NVIDIA TensorRT is an SDK for high-performance deep learning inference. TensorRT delivers both an optimized runtime, using low-level optimized kernels available on NVIDIA GPUs, and an inference-only model graph, which rearranges inference computation in an optimized order.

In the following section, we will talk about the details happening behind TensorRT and how it speeds performance.

  1. Reduced Precision maximizes throughput with FP16 or INT8 by quantizing models while maintaining correctness.
  2. Layer and Tensor Fusion optimizes use of GPU memory and bandwidth by fusing nodes in a kernel to avoid kernel launch latency.
  3. Kernel Auto-Tuning selects best data layers and algorithms based on the target GPU platform and data kernel shapes.
  4. Dynamic Tensor Memory minimizes memory footprint by freeing unnecessary memory consumption of intermediate results and reuses memory for tensors efficiently.
  5. Multi-Stream Execution uses a scalable design to process multiple input streams in parallel with dedicated CUDA streams.
  6. Time Fusion optimizes recurrent neural networks over time steps with dynamically generated kernels.

T5 uses transformer layers as building blocks for its architectures. The latest release of NVIDIA TensorRT 8.2 introduces new optimizations for the T5 and GPT-2 models for real-time inference. In the following table, we can see the speedup with TensorRT on some public T5 models running on Amazon EC2G4dn instances, powered by NVIDIA T4 GPUs and EC2 G5 instances, powered by NVIDIA A10G GPUs.

 

Model Instance Baseline Pytorch Latency (ms) TensorRT 8.2 Latency (ms) Speedup vs. the HF baseline
FP32 FP32 FP16 FP32 FP16
Encoder Decoder End to End Encoder Decoder End to End Encoder Decoder End to End End to End End to End
t5-small g4dn.xlarge 5.98 9.74 30.71 1.28 2.25 7.54 0.93 1.59 5.91 407.40% 519.34%
g5.xlarge 4.63 7.56 24.22 0.61 1.05 3.99 0.47 0.80 3.19 606.66% 760.01%
t5-base g4dn.xlarge 11.61 19.05 78.44 3.18 5.45 19.59 3.15 2.96 13.76 400.48% 569.97%
g5.xlarge 8.59 14.23 59.98 1.55 2.47 11.32 1.54 1.65 8.46 530.05% 709.20%

For more information about optimizations and replication of the attached performance, refer to Optimizing T5 and GPT-2 for Real-Time Inference with NVIDIA TensorRT.

It is important to note that compilation preserves model accuracy, as it operates on the inference environment and the computation scheduling, leaving the model science unaltered – unlike weight removal compression such as distillation or pruning.

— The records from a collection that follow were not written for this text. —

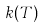<formula> <loc_0><loc_0><loc_500><loc_500>k ( T )</formula> 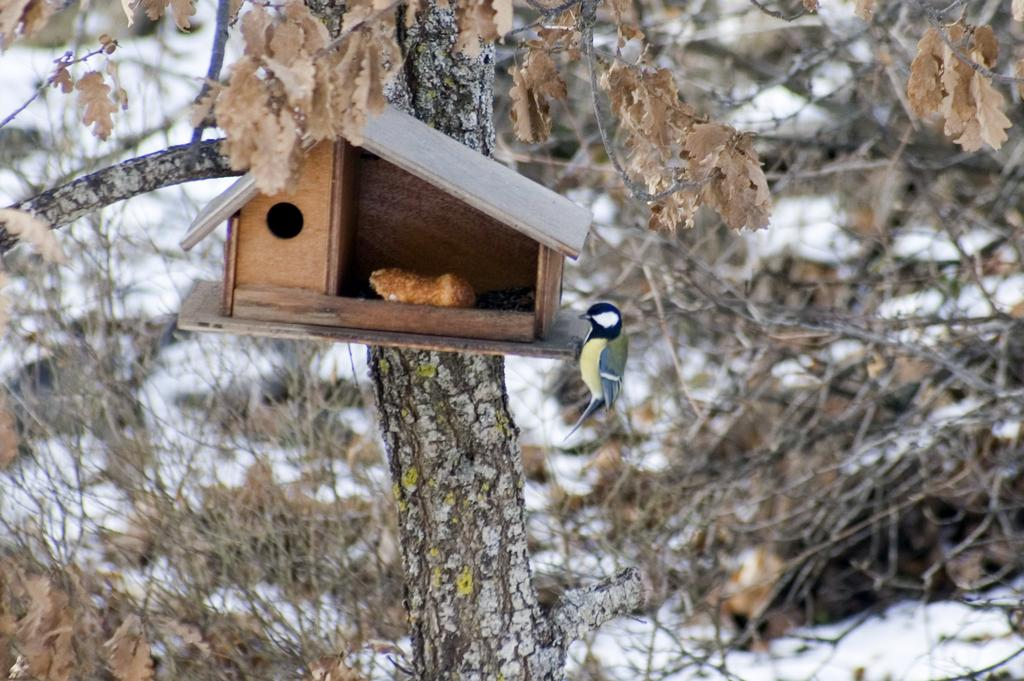What is the main object in the image? There is a tree in the image. What is attached to the tree? There is a small hut for birds on the trunk of the tree. Is there any bird activity near the hut? Yes, a bird is standing beside the hut. What can be seen in the background of the image? There are dry plants and snow visible in the background of the image. What type of veil is the bird wearing in the image? There is no veil present in the image; the bird is not wearing any clothing or accessories. Can you tell me how the bird is interacting with the goldfish in the image? There is no goldfish present in the image; the bird is standing beside the bird hut. 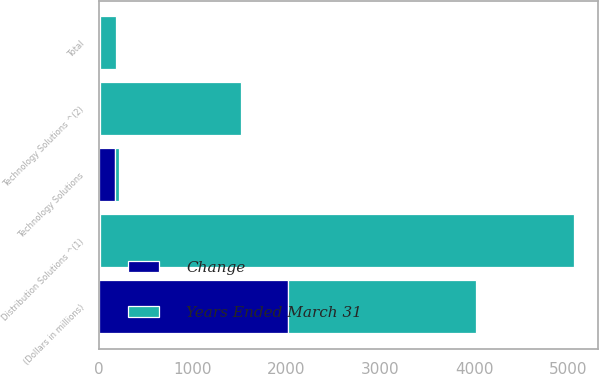Convert chart. <chart><loc_0><loc_0><loc_500><loc_500><stacked_bar_chart><ecel><fcel>(Dollars in millions)<fcel>Distribution Solutions ^(1)<fcel>Technology Solutions ^(2)<fcel>Total<fcel>Technology Solutions<nl><fcel>Years Ended March 31<fcel>2012<fcel>5057<fcel>1510<fcel>165<fcel>45.62<nl><fcel>Change<fcel>2012<fcel>11<fcel>7<fcel>10<fcel>165<nl></chart> 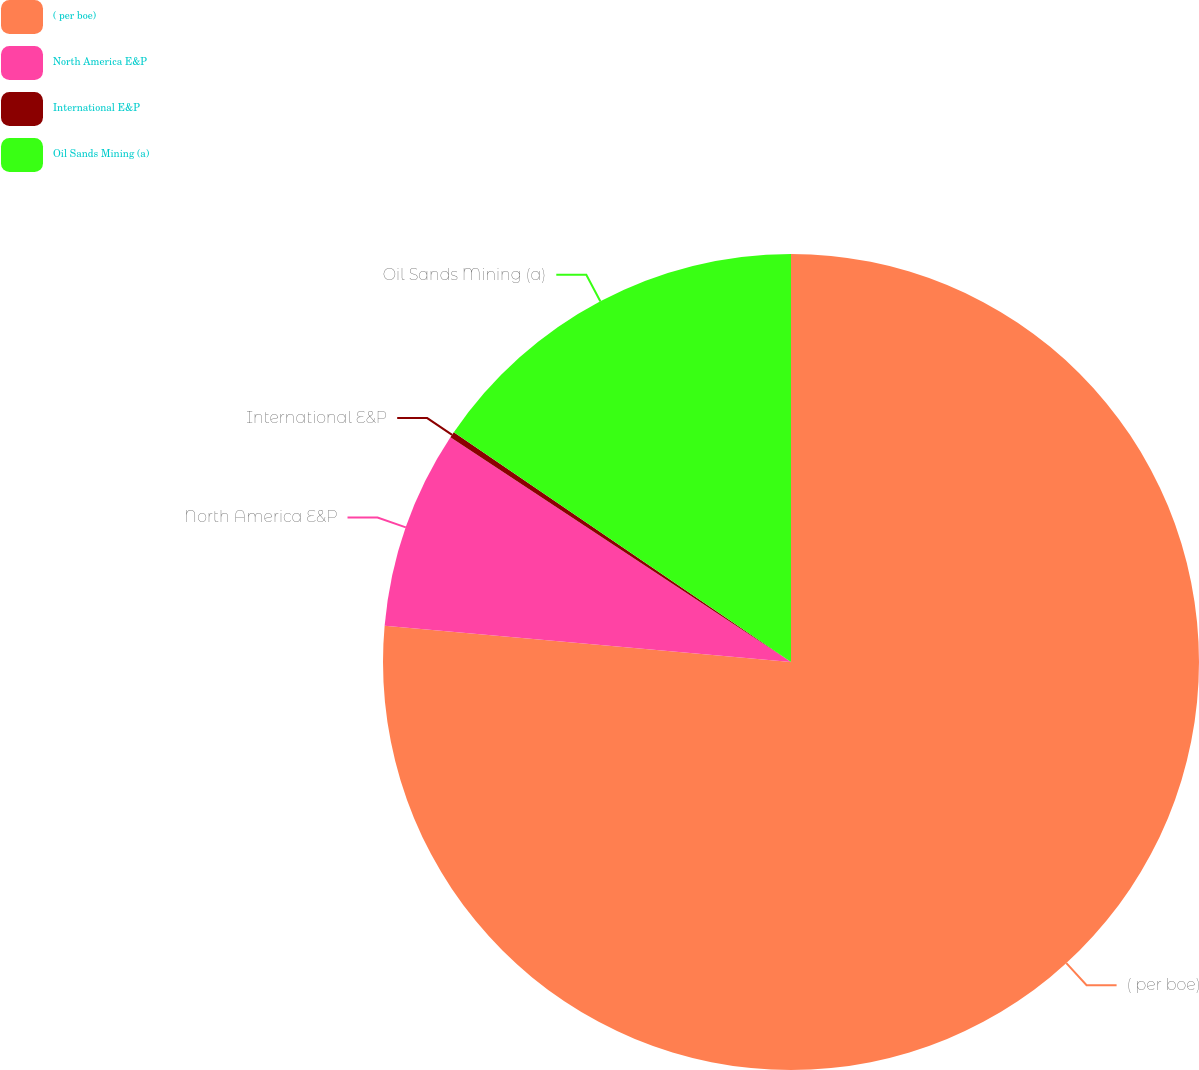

NVIDIA TensorRT allows to combine compilation with quantization for further gains. Quantization has double benefits on recent NVIDIA hardware: it reduces memory usage, and enables the use of NVIDIA Tensor Cores, DL-specific cells that run a fused matrix-multiply-add in mixed precision.

In the case of the Amazon Search experimentation with Hugging Face T5 model, replacing PyTorch with TensorRT for model inference increases speed by 534%.

NVIDIA Triton: Low-latency, high-throughput inference serving

Modern model serving solutions can transform offline trained models into customer-facing ML-powered products. To maintain reasonable costs at such a scale, it’s important to keep serving overhead low (HTTP handling, preprocessing and postprocessing, CPU-GPU communication), and fully take advantage of the parallel processing ability of GPUs.

NVIDIA Triton is an inference serving software proposing wide support of model runtimes (NVIDIA TensorRT, ONNX, PyTorch, XGBoost among others) and infrastructure backends, including GPUs, CPU and AWS Inferentia.

ML practitioners love Triton for multiple reasons. Its dynamic batching ability allows to accumulate inference requests during a user-defined delay and within a maximal user-defined batch size, so that GPU inference is batched, amortizing the CPU-GPU communication overhead. Note that dynamic batching happens server-side and within very short time frames, so that the requesting client still has a synchronous, near-real-time invocation experience. Triton users also enjoy its concurrent model execution capacity. GPUs are powerful multitaskers that excel in executing compute-intensive workloads in parallel. Triton maximize the GPU utilization and throughput by using CUDA streams to run multiple model instances concurrently. These model instances can be different models from different frameworks for different use cases, or a direct copy of the same model. This translates to direct throughput improvement when you have enough idle GPU memory. Also, as Triton is not tied to a specific DL development framework, it allows scientist to fully express themselves, in the tool of their choice.

With Triton on AWS, Amazon Search expects to better serve Amazon.com customers and meet latency requirements at low cost. The tight integration between the TensorRT runtime and the Triton server facilitates the development experience. Using AWS cloud infrastructure allows to scale up or down in minutes based on throughput requirements, while maintaining the bar high or reliability and security.

How AWS lowers the barrier to entry

While Amazon Search conducted this experiment on Amazon EC2 infrastructure, other AWS services exist to facilitate the development, training and hosting of state-of-the-art deep learning solutions.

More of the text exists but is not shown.